# What to produce:
An exact repetition of the data below, without images, is the expected answer.

Data records:
== Segment start ==

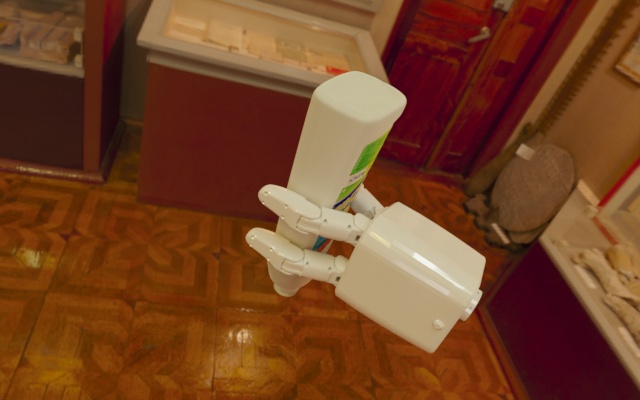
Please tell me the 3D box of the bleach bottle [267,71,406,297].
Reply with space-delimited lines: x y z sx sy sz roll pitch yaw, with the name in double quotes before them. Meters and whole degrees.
"bleach bottle" 0.000 0.002 0.488 0.068 0.251 0.102 32 37 15
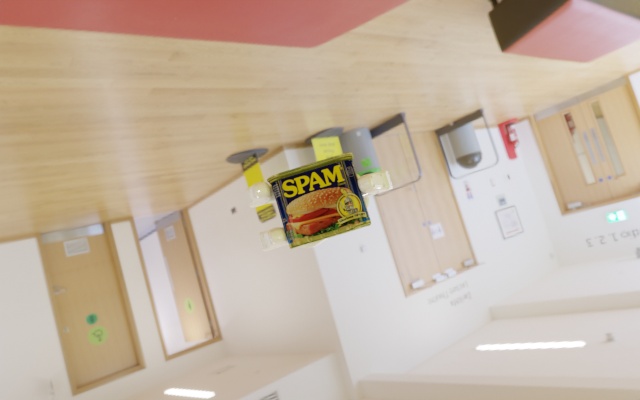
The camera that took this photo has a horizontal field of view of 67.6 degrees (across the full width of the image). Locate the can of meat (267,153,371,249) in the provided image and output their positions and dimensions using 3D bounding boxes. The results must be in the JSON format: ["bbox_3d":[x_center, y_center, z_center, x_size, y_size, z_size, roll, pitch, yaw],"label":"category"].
[{"bbox_3d":[0.000,0.002,0.546,0.102,0.084,0.057,-17,-5,2],"label":"can of meat"}]
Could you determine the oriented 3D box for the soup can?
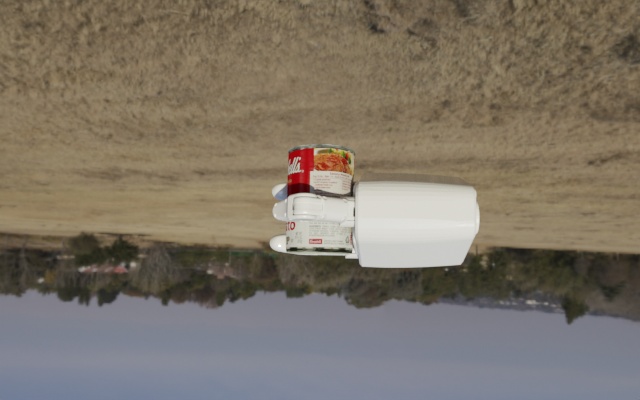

== Segment end ==

# Solution to this exercise:
Please tell me the 3D box of the bleach bottle [267,71,406,297].
Reply with space-delimited lines: x y z sx sy sz roll pitch yaw, with the name in double quotes before them. Meters and whole degrees.
"bleach bottle" 0.000 0.002 0.488 0.068 0.251 0.102 32 37 15
The camera that took this photo has a horizontal field of view of 67.6 degrees (across the full width of the image). Locate the can of meat (267,153,371,249) in the provided image and output their positions and dimensions using 3D bounding boxes. The results must be in the JSON format: ["bbox_3d":[x_center, y_center, z_center, x_size, y_size, z_size, roll, pitch, yaw],"label":"category"].
[{"bbox_3d":[0.000,0.002,0.546,0.102,0.084,0.057,-17,-5,2],"label":"can of meat"}]
Could you determine the oriented 3D box for the soup can?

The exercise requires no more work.